La discriminación y menosprecio a los melillenses y ceutíes de origen marroquí y religión islámica avalados por dicha Ley contra los derechos establecidos por la Constitución e incluso los intereses reales de quienes pretenden perpetuar nuestra presencia colonial en ambos enclaves, muestra hasta qué punto la actitud racista imperante en los medios hispanos de Ceuta y Melilla se ha extendido, como hace 30 años en Argelia, a los representantes locales del Partido Socialista en el poder, barriendo todas sus diferencias ideológicas con las fuerzas de la derecha y extrema derecha en pro de una sacrosanta unión étnica contra el moro. Una vez más, como en tantas ocasiones en la historia de nuestras sucesivas descolonizaciones fallidas, vemos repetirse la misma ceguera e incomprensión que condujeron al abandono precipitado y poco glorioso de Cuba y Filipinas, el norte de Marruecos, Sidi Ifhi, Guinea Ecuatorial, el Sahara.

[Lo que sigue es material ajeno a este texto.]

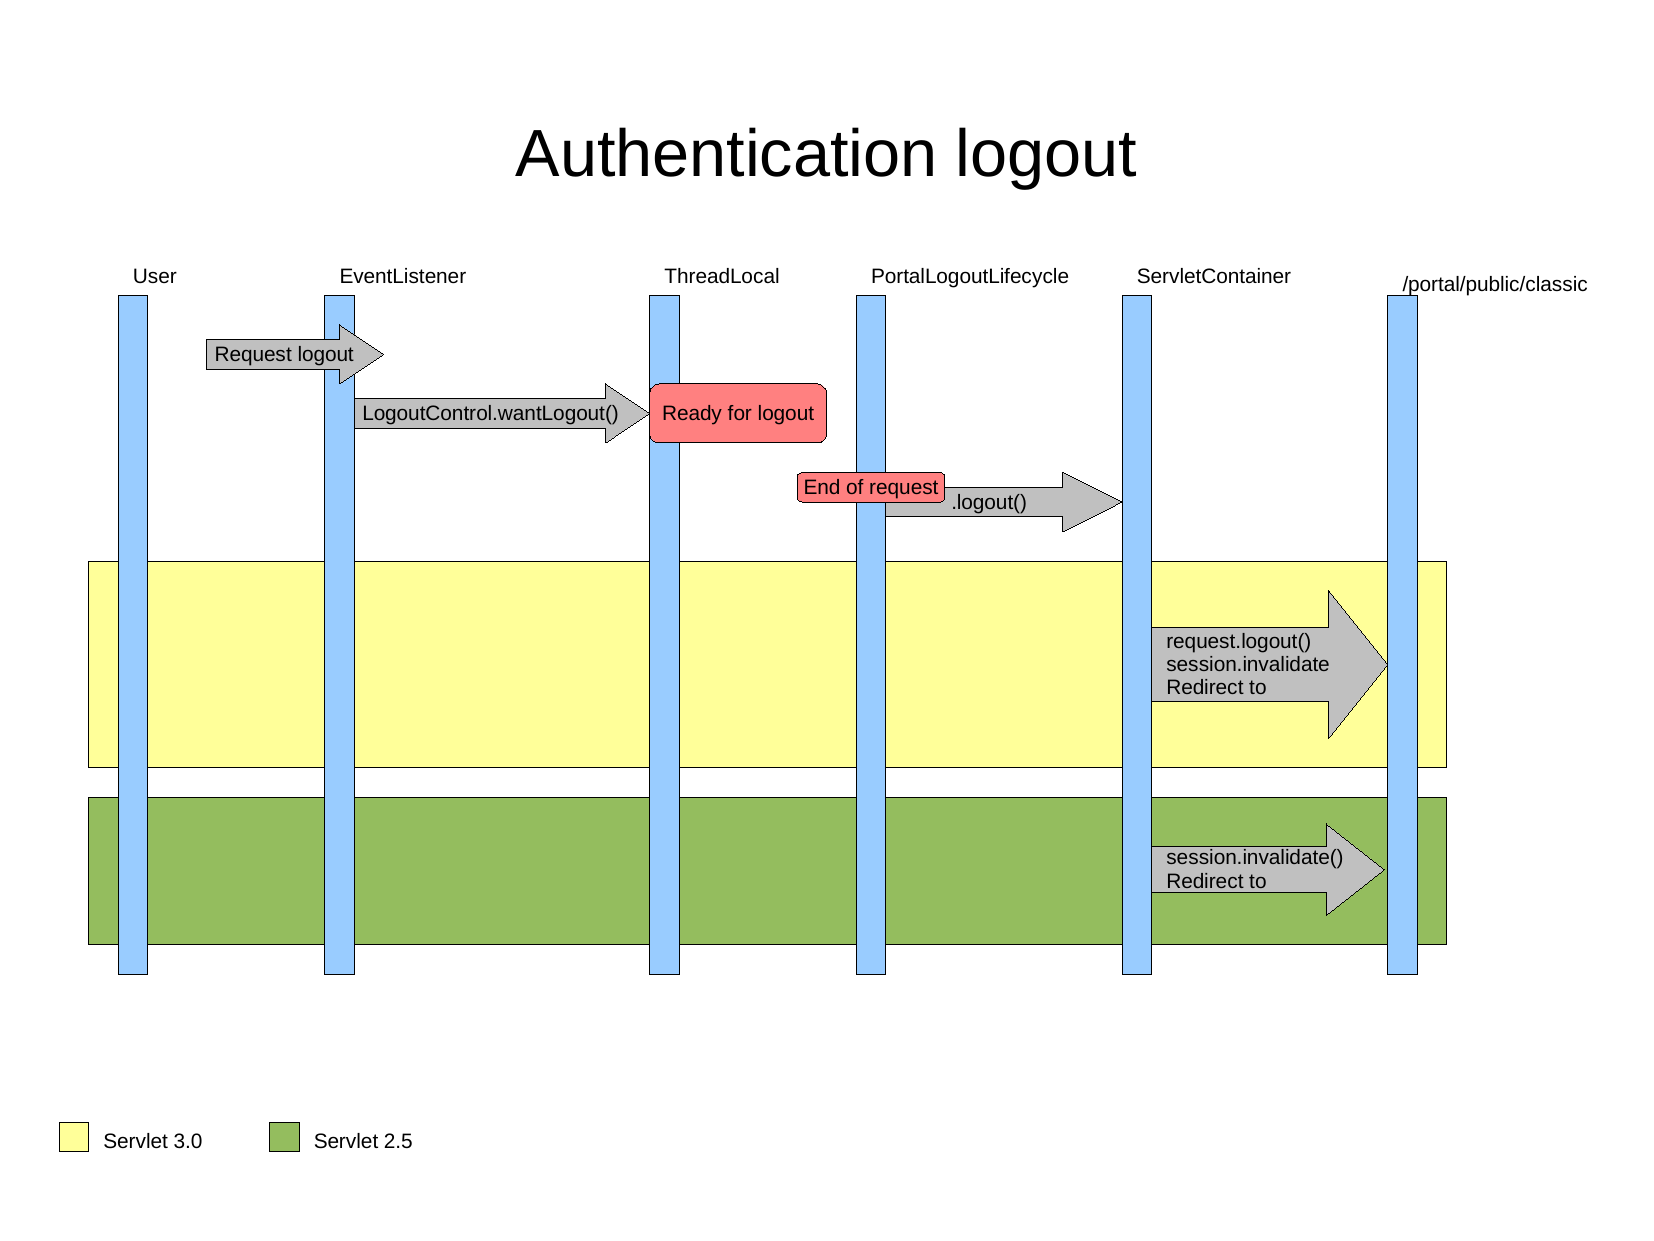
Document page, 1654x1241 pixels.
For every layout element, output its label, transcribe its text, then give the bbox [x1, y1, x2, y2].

text_box ThreadLocal [709, 257, 856, 296]
text_box request.logout() session.invalidate Redirect to [1151, 590, 1387, 739]
title Authentication logout [82, 56, 1571, 250]
text_box User [118, 257, 324, 296]
text_box [856, 296, 886, 472]
text_box LogoutControl.wantLogout() [354, 383, 649, 443]
text_box ServletContainer [1122, 257, 1359, 296]
text_box [88, 296, 1447, 975]
text_box [59, 1122, 88, 1152]
text_box PortalLogoutLifecycle [856, 257, 1093, 296]
text_box Ready for logout [649, 383, 827, 443]
text_box [324, 296, 355, 339]
text_box End of request [797, 472, 945, 503]
text_box /portal/public/classic [1387, 265, 1625, 304]
text_box Servlet 3.0 [88, 1122, 218, 1161]
text_box session.invalidate() Redirect to [1151, 823, 1385, 916]
text_box Request logout [206, 324, 384, 384]
text_box [649, 296, 680, 391]
text_box [269, 1122, 299, 1152]
text_box .logout() [885, 472, 1123, 532]
text_box EventListener [324, 257, 709, 296]
text_box Servlet 2.5 [299, 1122, 429, 1161]

Mientras la razón, la justicia y las lecciones del pasado nos aconsejan prever y elaborar las condiciones de un traspaso de soberanía que respete los intereses económicos y culturales de los autóctonos de las dos ciudades africanas paralelamente al desarrollo y avance de las negociaciones con Inglaterra tocante a Gibraltar, la táctica que parece prevalecer es todavía la del avestruz: cerrar los ojos a las realidades de este siglo, pedir a Londres lo que negamos a Rabat, sustituir nuestra carencia secular de una política norteafricana con un ejército norteafricano cuyo funesto papel en la historia reciente de España está en la memoria de todos. Aunque la anulación pura y simple de las medidas discriminatorias y racistas contra los musulmanes no resolvería el problema del futuro de las dos ciudades, podría serenar al menos los ánimos y evitar una irreparable ruptura. Pero las vacilaciones del Gobierno, contagiado de la miopía de los partidos políticos locales, no permiten augurar por ahora una política distinta de la heredada del régimen anterior: como en el caso del referéndum sobre nuestra permanencia en la OTAN, reflejan su confusionismo y contradicciones, su incapacidad de zafarse de una tesitura anacrónica y del peso muerto de la tradición.